Les signes de fragilisation du marché de l’emploi sont là et vont peser sur les négociations salariales et le niveau des salaires à l’embauche. Parmi ces alertes, la division par près de deux du rythme des créations nettes d’emplois entre les 2èmes trimestres de 2023 et de 2022. Cette modération s'est déjà retrouvée dans les chiffres du chômage. Sa décrue s'est stoppée et, avec plus de 2,8 millions de chômeurs en France métropolitaine en juillet dernier, il se situe à son plus haut niveau depuis le début de l'année.
Moins de croissance pour générer des emplois
La « job machine » devrait en outre connaître d'autres ratés. Traditionnel indicateur avancé de l'état de santé du marché du travail, l’emploi intérimaire recule depuis 2 trimestres maintenant. De leur côté, les licenciements se maintiennent à très hauts niveaux et de plus en plus de contrats sont rompus pendant la période d’essai.
L’autre signe avant-coureur de la cassure à venir réside dans la trajectoire prise par les intentions d'embauche : qu'elles concernent les CDD de plus d'un mois ou les CDI, l'orientation ne pousse pas à être optimiste pour la fin de l'année et, à plus long terme non plus, la progression de l’activité devenant trop lente. Le lien entre croissance et emploi s'est certes distendu à la sortie de la crise de la Covid avec une productivité du travail en considérable recul par rapport à 2019. En d'autres termes, il a fallu moins de croissance pour générer des emplois, notamment en France.
Inversion des rapports de force employeurs/employés
Toutefois, certains facteurs spécifiques devraient s'effacer et permettre à la productivité de se redresser : c'est le cas notamment du bond spectaculaire du nombre d'apprentis, dont la productivité est inférieure à la moyenne, qui est maintenant derrière nous ; idem concernant l'embardée post-Covid de l’absentéisme. Résultat, la dynamique du marché du travail va recoller au cycle économique. Il faut donc s'attendre à des créations d'emplois trop faibles d'ici la fin de l'année pour absorber la hausse de la population active avant d'entrer en 2024 dans une phase de destruction d'emplois.

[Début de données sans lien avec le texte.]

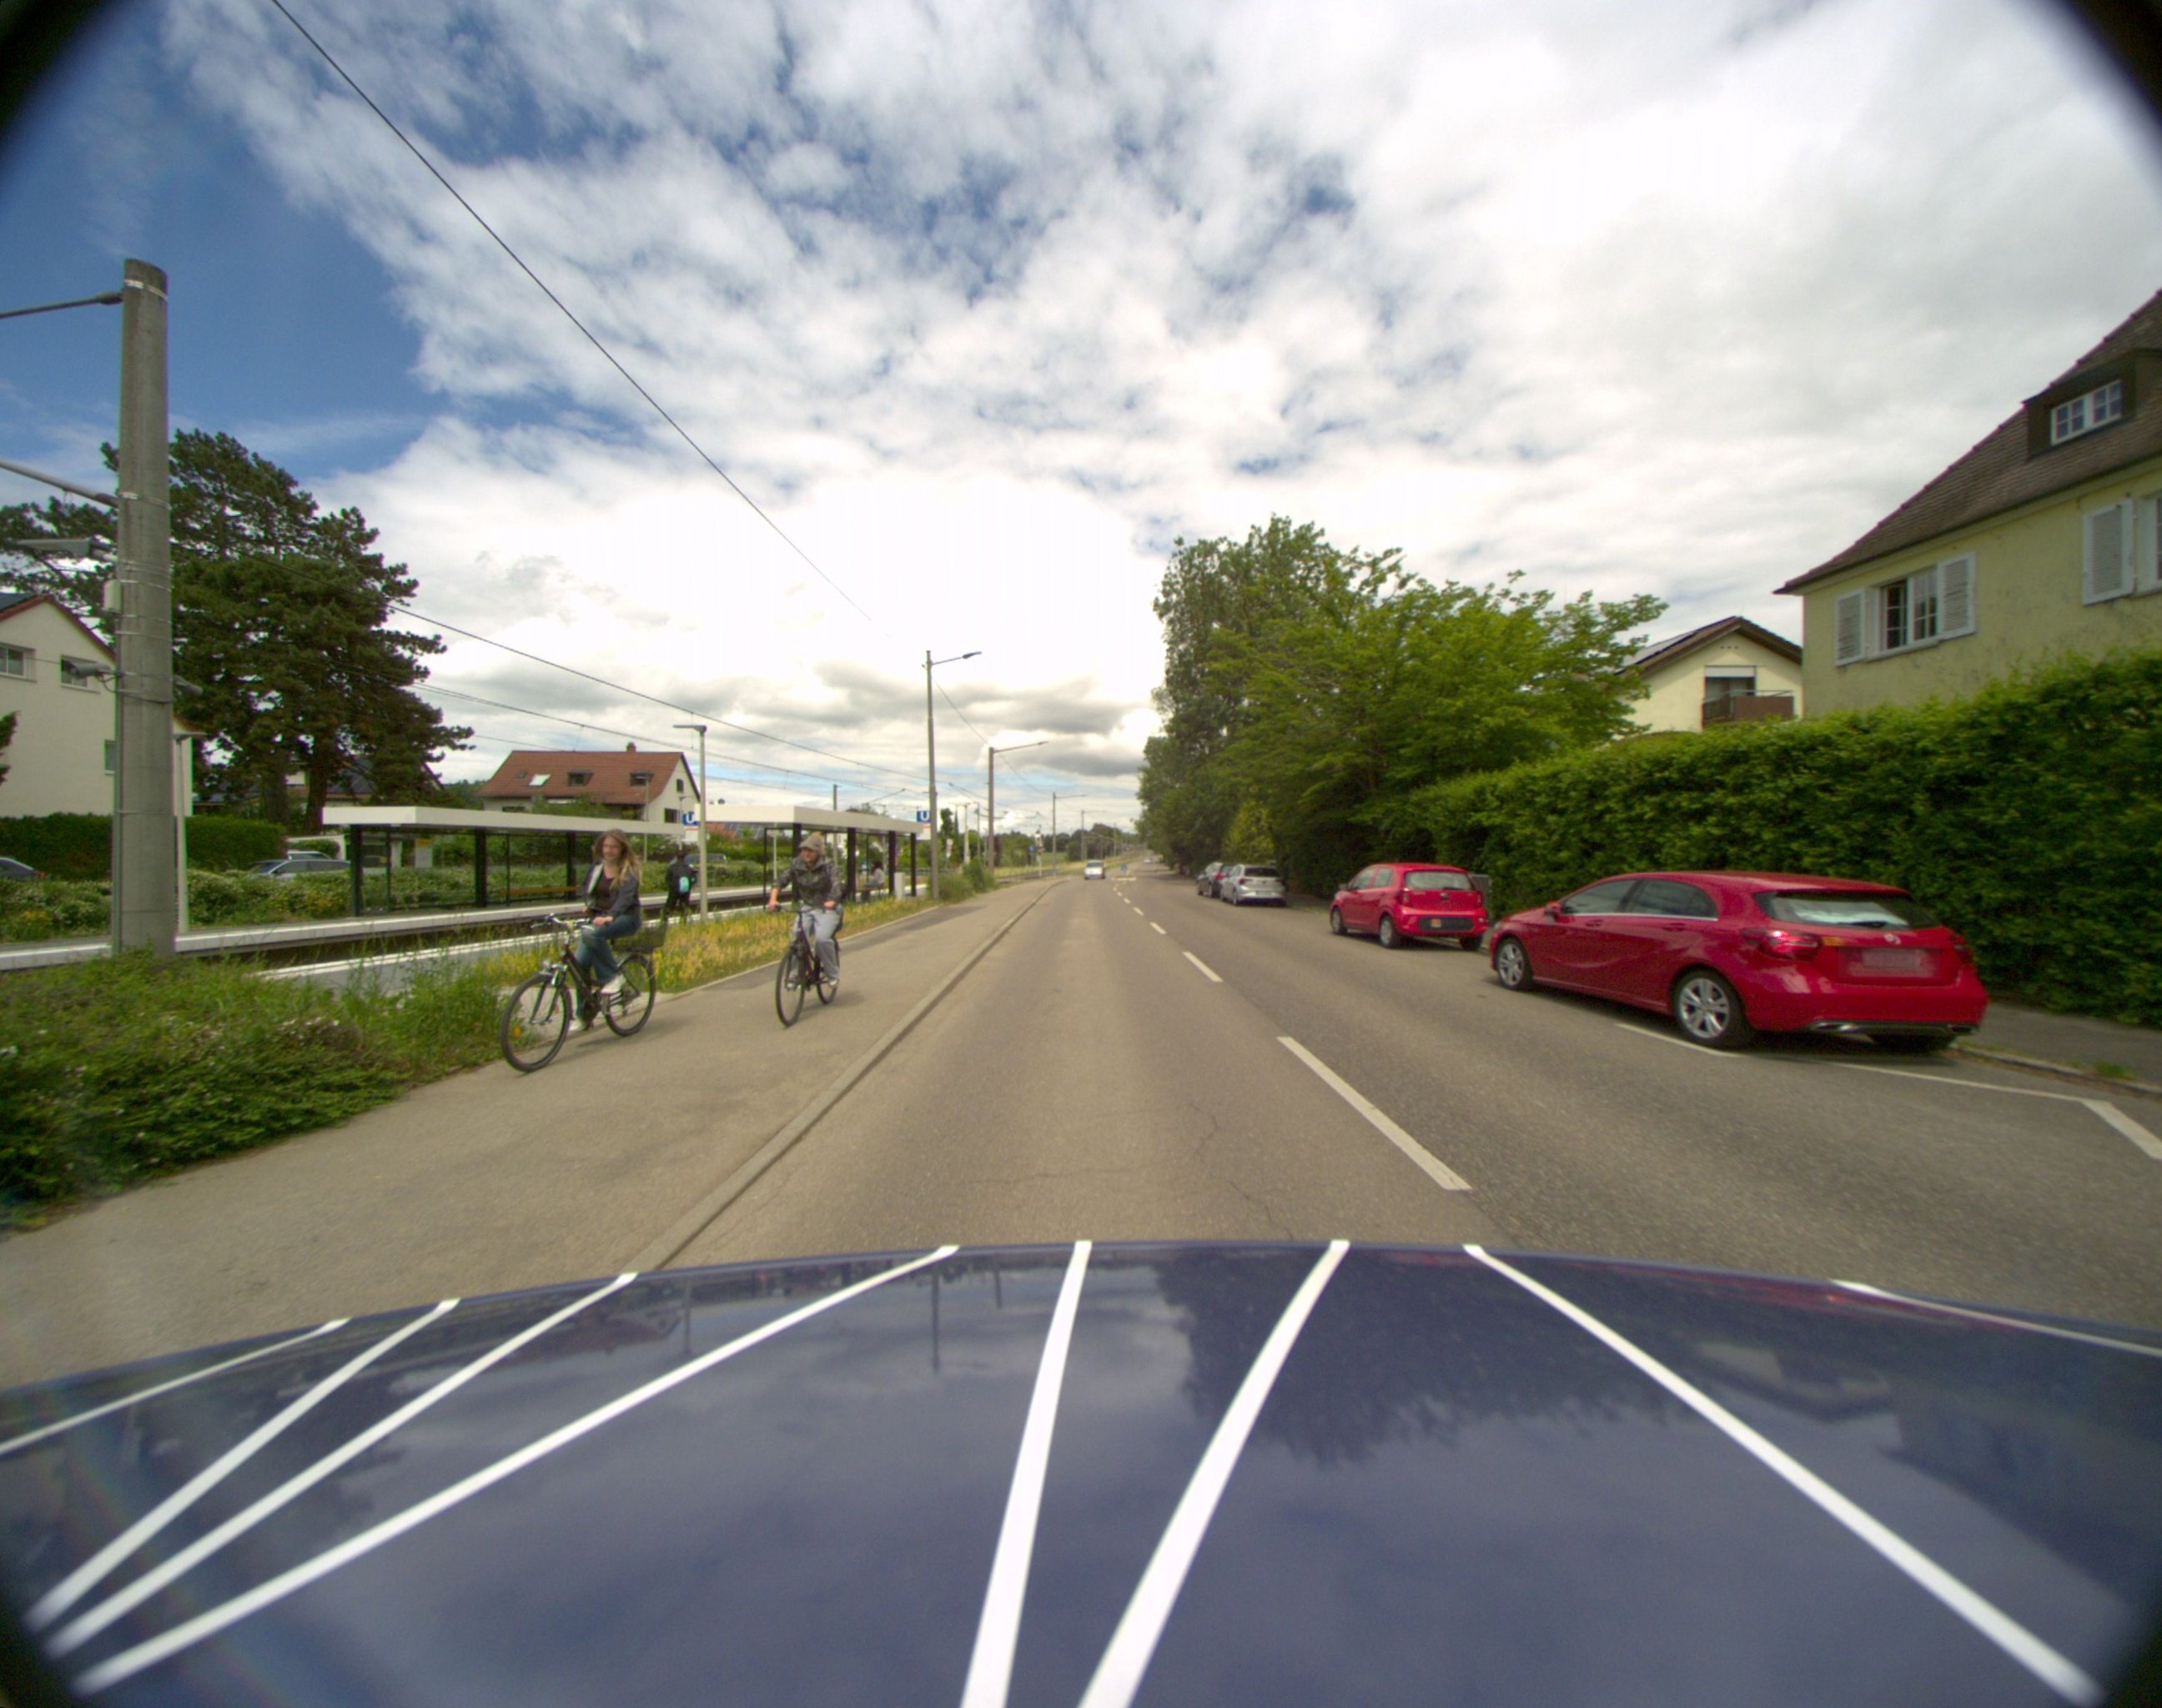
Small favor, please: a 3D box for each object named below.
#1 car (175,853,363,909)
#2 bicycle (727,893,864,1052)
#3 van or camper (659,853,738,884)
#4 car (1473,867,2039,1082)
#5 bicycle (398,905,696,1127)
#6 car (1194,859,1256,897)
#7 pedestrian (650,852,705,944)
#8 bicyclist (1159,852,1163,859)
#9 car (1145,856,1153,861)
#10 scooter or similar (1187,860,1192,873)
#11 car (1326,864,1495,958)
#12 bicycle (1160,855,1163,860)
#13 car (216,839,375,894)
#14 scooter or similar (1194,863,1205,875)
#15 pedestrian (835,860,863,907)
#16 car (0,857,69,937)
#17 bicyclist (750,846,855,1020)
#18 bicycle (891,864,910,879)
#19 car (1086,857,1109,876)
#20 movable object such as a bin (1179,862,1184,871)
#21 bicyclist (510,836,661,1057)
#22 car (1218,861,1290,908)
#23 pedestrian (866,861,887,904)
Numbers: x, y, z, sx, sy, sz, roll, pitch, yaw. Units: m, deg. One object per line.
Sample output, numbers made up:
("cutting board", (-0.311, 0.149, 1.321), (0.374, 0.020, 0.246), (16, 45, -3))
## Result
("car", (-26.106, 0.809, 24.666), (1.780, 1.652, 4.000), (-1, 0, 0))
("bicycle", (-2.694, 1.049, 7.424), (0.547, 1.239, 2.055), (-1, 0, 0))
("van or camper", (-23.744, 0.874, 47.401), (1.909, 1.815, 5.050), (-1, 0, 7))
("car", (5.824, 0.880, 7.427), (1.766, 1.462, 4.185), (0, 0, -1))
("bicycle", (-3.946, 1.091, 5.945), (0.620, 1.239, 2.396), (-1, 0, 0))
("car", (6.082, 0.968, 32.613), (1.741, 1.496, 4.477), (1, 0, -1))
("pedestrian", (-7.743, 0.819, 14.587), (0.638, 1.715, 0.656), (-1, 0, 31))
("bicyclist", (18.293, 0.256, 173.220), (0.780, 1.540, 0.870), (0, 1, 5))
("car", (18.582, 1.196, 207.761), (1.697, 1.422, 3.787), (-1, 0, 2))
("scooter or similar", (10.531, 1.228, 73.980), (0.409, 1.192, 1.640), (-1, 0, 7))
("car", (5.983, 0.967, 14.233), (1.592, 1.496, 3.514), (1, 0, -1))
("bicycle", (18.320, 0.787, 173.276), (0.756, 1.219, 2.309), (1, 0, 5))
("car", (-30.593, 0.488, 29.665), (4.338, 1.932, 1.746), (2, 0, 0))
("scooter or similar", (10.235, 1.288, 65.729), (0.479, 1.074, 1.212), (-2, 0, -13))
("pedestrian", (-6.995, 0.876, 22.956), (0.583, 1.372, 0.740), (-1, 0, 2))
("car", (-26.684, 1.077, 17.316), (1.736, 1.903, 3.936), (-2, 1, 6))
("bicyclist", (-2.694, 0.738, 7.426), (0.719, 1.602, 0.757), (-1, 0, 0))
("bicycle", (-16.100, 1.602, 67.670), (0.539, 1.038, 2.543), (20, -3, 7))
("car", (1.455, 1.061, 65.783), (1.642, 1.510, 3.870), (-2, 1, 6))
("movable object such as a bin", (10.520, 1.340, 79.525), (0.514, 0.939, 0.569), (-2, 0, 5))
("bicyclist", (-3.944, 0.698, 6.110), (0.641, 1.640, 0.819), (-1, 0, 0))
("car", (6.059, 1.029, 27.019), (1.741, 1.496, 3.963), (1, 0, 1))
("pedestrian", (-6.708, 0.920, 24.906), (0.486, 1.337, 0.396), (6, 7, 23))

Le nombre de chômeurs et le taux de chômage vont donc remonter et le rapport de force entre employés et employeurs devrait de la sorte s'inverser de nouveau.
La conséquence sur les rémunérations du personnel déjà en place ne se situe pas en bas de l’échelle. L’indexation, même retardée, du SMIC aux prix dans un contexte d'inflation persistante va alimenter sa hausse comme celle des minimas conventionnels. C'est d'ailleurs la principale explication de l'augmentation actuelle du salaire mensuel de base à ce détail près : il progresse moins vite que le SMIC et l'écart se creuse. Bref, l'inflation a partiellement été répercutée dans les augmentations annuelles pour les catégories socioprofessionnelles dont les rémunérations sont les moins directement accrochées au SMIC alors même que les salariés étaient en position de force. Les professions intermédiaires et plus encore les cadres sortent perdants de la situation avec ce bémol toutefois pour ces derniers : ce sont aussi eux qui ont le plus profité du versement massif de la prime de partage de la valeur fin 2022.
Vers des prétentions salariales revues à la baisse
Le refroidissement de la conjoncture replace ainsi les employeurs en position plus favorable pour négocier avec un double impact : il n'y aura pas ou très peu de rattrapage de l'inflation passée dans les augmentations salariales à venir et les entreprises seront moins généreuses sur la prime du partage de la valeur.
Pour les nouveaux entrants sur le marché du travail, cela veut dire des prétentions salariales revues à la baisse. C'est déjà le cas dans l'hôtellerie, l'immobilier. La température retombe aussi dans des secteurs jusqu'alors en surchauffe comme la finance, le conseil, l'audit et même l'informatique (au-delà de certains profils spécifiques). Pas de doute, 2024 ne s'annonce pas sous les meilleurs auspices pour les salariés.